Bei der Linken bahnt sich ein Führungswechsel im Herbst an. Die Vorsitzenden Martin Schirdewan und Janine Wissler hätten sehr deutlich gemacht, dass sie nicht an ihren Stühlen klebten, hieß es am Sonntag nach einer Krisensitzung des Parteivorstands mit den Landesvorsitzenden der Partei in Berlin. Eine Arbeitsgruppe solle einen Fahrplan für eine inhaltliche, strategische und personelle Aufstellungen mit Blick auf den Bundesparteitag im Oktober in Halle erarbeiten.
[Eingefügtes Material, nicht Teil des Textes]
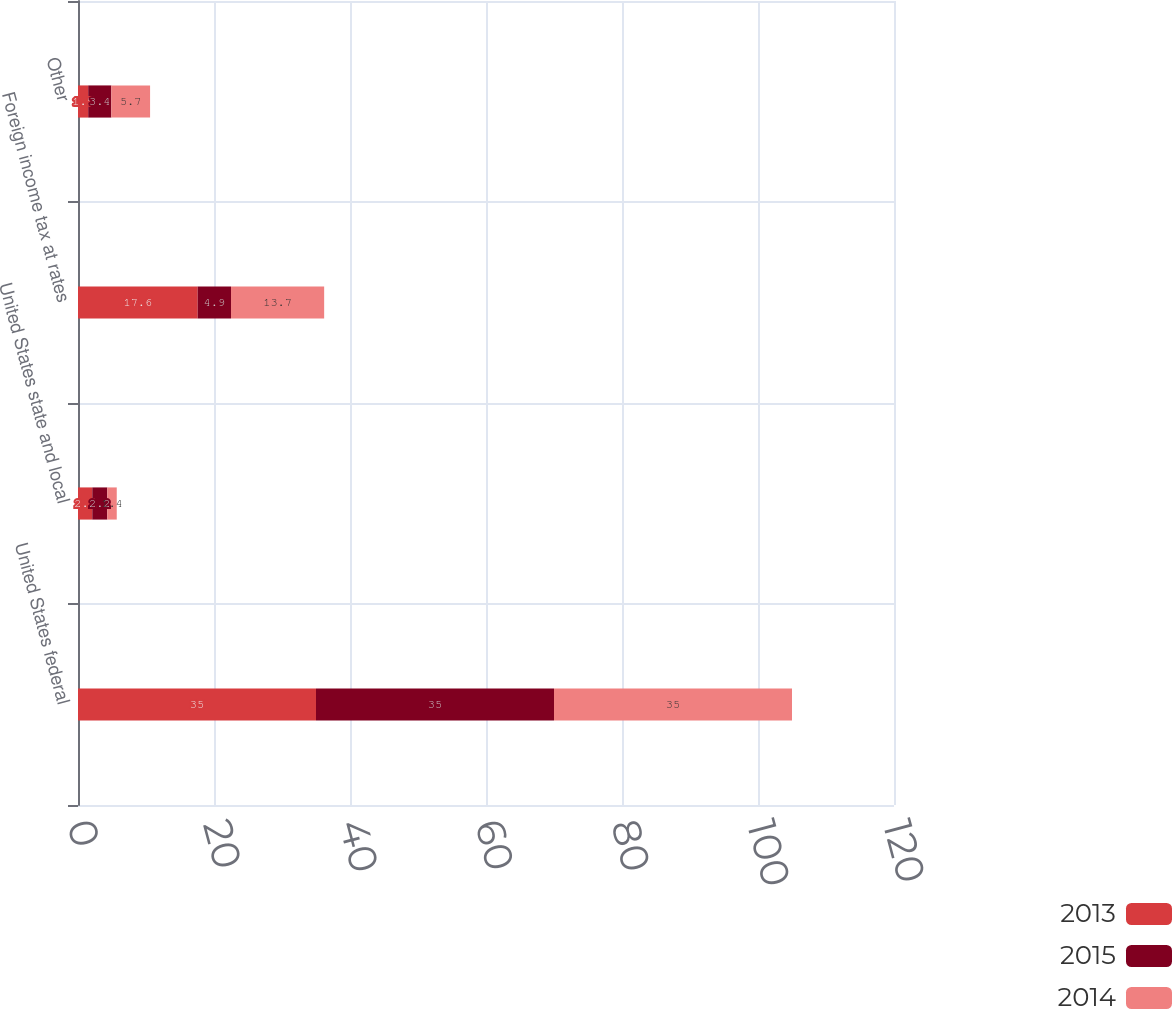Convert chart to OTSL. <chart><loc_0><loc_0><loc_500><loc_500><stacked_bar_chart><ecel><fcel>United States federal<fcel>United States state and local<fcel>Foreign income tax at rates<fcel>Other<nl><fcel>2013<fcel>35<fcel>2.1<fcel>17.6<fcel>1.5<nl><fcel>2015<fcel>35<fcel>2.2<fcel>4.9<fcel>3.4<nl><fcel>2014<fcel>35<fcel>1.4<fcel>13.7<fcel>5.7<nl></chart> 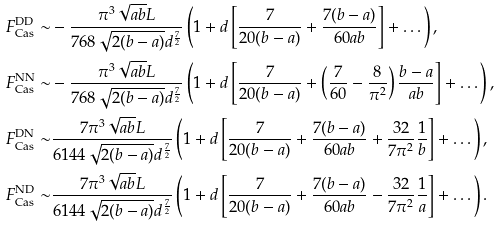Convert formula to latex. <formula><loc_0><loc_0><loc_500><loc_500>F _ { \text {Cas} } ^ { \text {DD} } \sim & - \frac { \pi ^ { 3 } \sqrt { a b } L } { 7 6 8 \sqrt { 2 ( b - a ) } d ^ { \frac { 7 } { 2 } } } \left ( 1 + d \left [ \frac { 7 } { 2 0 ( b - a ) } + \frac { 7 ( b - a ) } { 6 0 a b } \right ] + \dots \right ) , \\ F _ { \text {Cas} } ^ { \text {NN} } \sim & - \frac { \pi ^ { 3 } \sqrt { a b } L } { 7 6 8 \sqrt { 2 ( b - a ) } d ^ { \frac { 7 } { 2 } } } \left ( 1 + d \left [ \frac { 7 } { 2 0 ( b - a ) } + \left ( \frac { 7 } { 6 0 } - \frac { 8 } { \pi ^ { 2 } } \right ) \frac { b - a } { a b } \right ] + \dots \right ) , \\ F _ { \text {Cas} } ^ { \text {DN} } \sim & \frac { 7 \pi ^ { 3 } \sqrt { a b } L } { 6 1 4 4 \sqrt { 2 ( b - a ) } d ^ { \frac { 7 } { 2 } } } \left ( 1 + d \left [ \frac { 7 } { 2 0 ( b - a ) } + \frac { 7 ( b - a ) } { 6 0 a b } + \frac { 3 2 } { 7 \pi ^ { 2 } } \frac { 1 } { b } \right ] + \dots \right ) , \\ F _ { \text {Cas} } ^ { \text {ND} } \sim & \frac { 7 \pi ^ { 3 } \sqrt { a b } L } { 6 1 4 4 \sqrt { 2 ( b - a ) } d ^ { \frac { 7 } { 2 } } } \left ( 1 + d \left [ \frac { 7 } { 2 0 ( b - a ) } + \frac { 7 ( b - a ) } { 6 0 a b } - \frac { 3 2 } { 7 \pi ^ { 2 } } \frac { 1 } { a } \right ] + \dots \right ) .</formula> 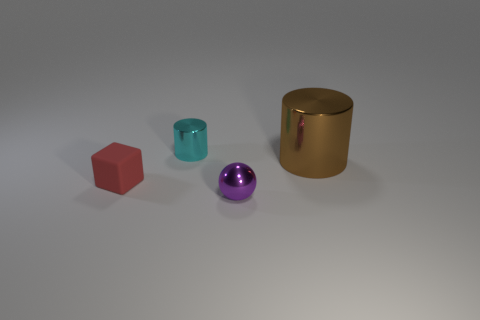There is a metal thing in front of the cylinder in front of the tiny cylinder; is there a tiny purple ball behind it? Indeed, behind the metallic cylinder, there is a tiny purple ball, partially concealed yet still visible. 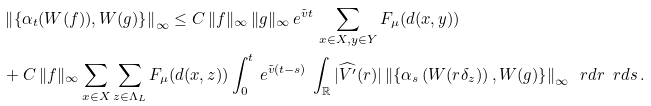<formula> <loc_0><loc_0><loc_500><loc_500>& \left \| \left \{ \alpha _ { t } ( W ( f ) ) , W ( g ) \right \} \right \| _ { \infty } \leq C \, \| f \| _ { \infty } \, \| g \| _ { \infty } \, e ^ { \tilde { v } t } \, \sum _ { x \in X , y \in Y } F _ { \mu } ( d ( x , y ) ) \\ & + C \, \| f \| _ { \infty } \sum _ { x \in X } \sum _ { z \in \Lambda _ { L } } F _ { \mu } ( d ( x , z ) ) \int _ { 0 } ^ { t } \, e ^ { \tilde { v } ( t - s ) } \, \int _ { \mathbb { R } } | \widehat { V ^ { \prime } } ( r ) | \left \| \left \{ \alpha _ { s } \left ( W ( r \delta _ { z } ) \right ) , W ( g ) \right \} \right \| _ { \infty } \, \ r d r \, \ r d s \, .</formula>

Wichtig sei ein geordneter Prozess, hieß es aus Parteikreisen.
Die Linke hatte bei der Europawahl Anfang Juni nur noch 2,7 Prozent der Stimmen erhalten - etwa halb so viele wie fünf Jahre zuvor. Schon zuvor hatte sie bei der Bundestagswahl 2021 und den folgenden Landtagswahlen sehr schwach abgeschnitten. Diese Woche forderten die früheren Fraktionsvorsitzenden Gregor Gysi und Dietmar Bartsch eine «strukturelle, politische und personelle Erneuerung». Die sachsen-anhaltische Fraktionschefin Eva von Angern drängte Wissler und Schirdewan, beim Parteitag nicht mehr anzutreten.
Kritik auch an den Kritikern
Wissler und Schirdewan führen die Partei seit 2022 gemeinsam. Schirdewan hatte zuletzt schon angedeutet, dass er über einen Rückzug beim Parteitag nachdenke. Bei der Sitzung am Wochenende habe es selbstkritische Töne der Parteivorsitzenden und der Landesvorstände gegeben, dass programmatische Klärungsprozesse liegengeblieben seien, hieß es. Doch sei auch kritisiert worden, dass Bartsch und seine Anhänger in der Öffentlichkeit eine Personaldebatte angefeuert hätten.
Die Linke hatte nach jahrelangem Richtungsstreit im Oktober 2023 mit Sahra Wagenknecht eine ihrer bekanntesten Politikerinnen verloren. Sie gründete ihre eigene Partei, das Bündnis Sahra Wagenknecht, und erreichte bei der Europawahl aus dem Stand 6,2 Prozent. Ein Großteil der Stimmen kam von früheren Linken-Wählern.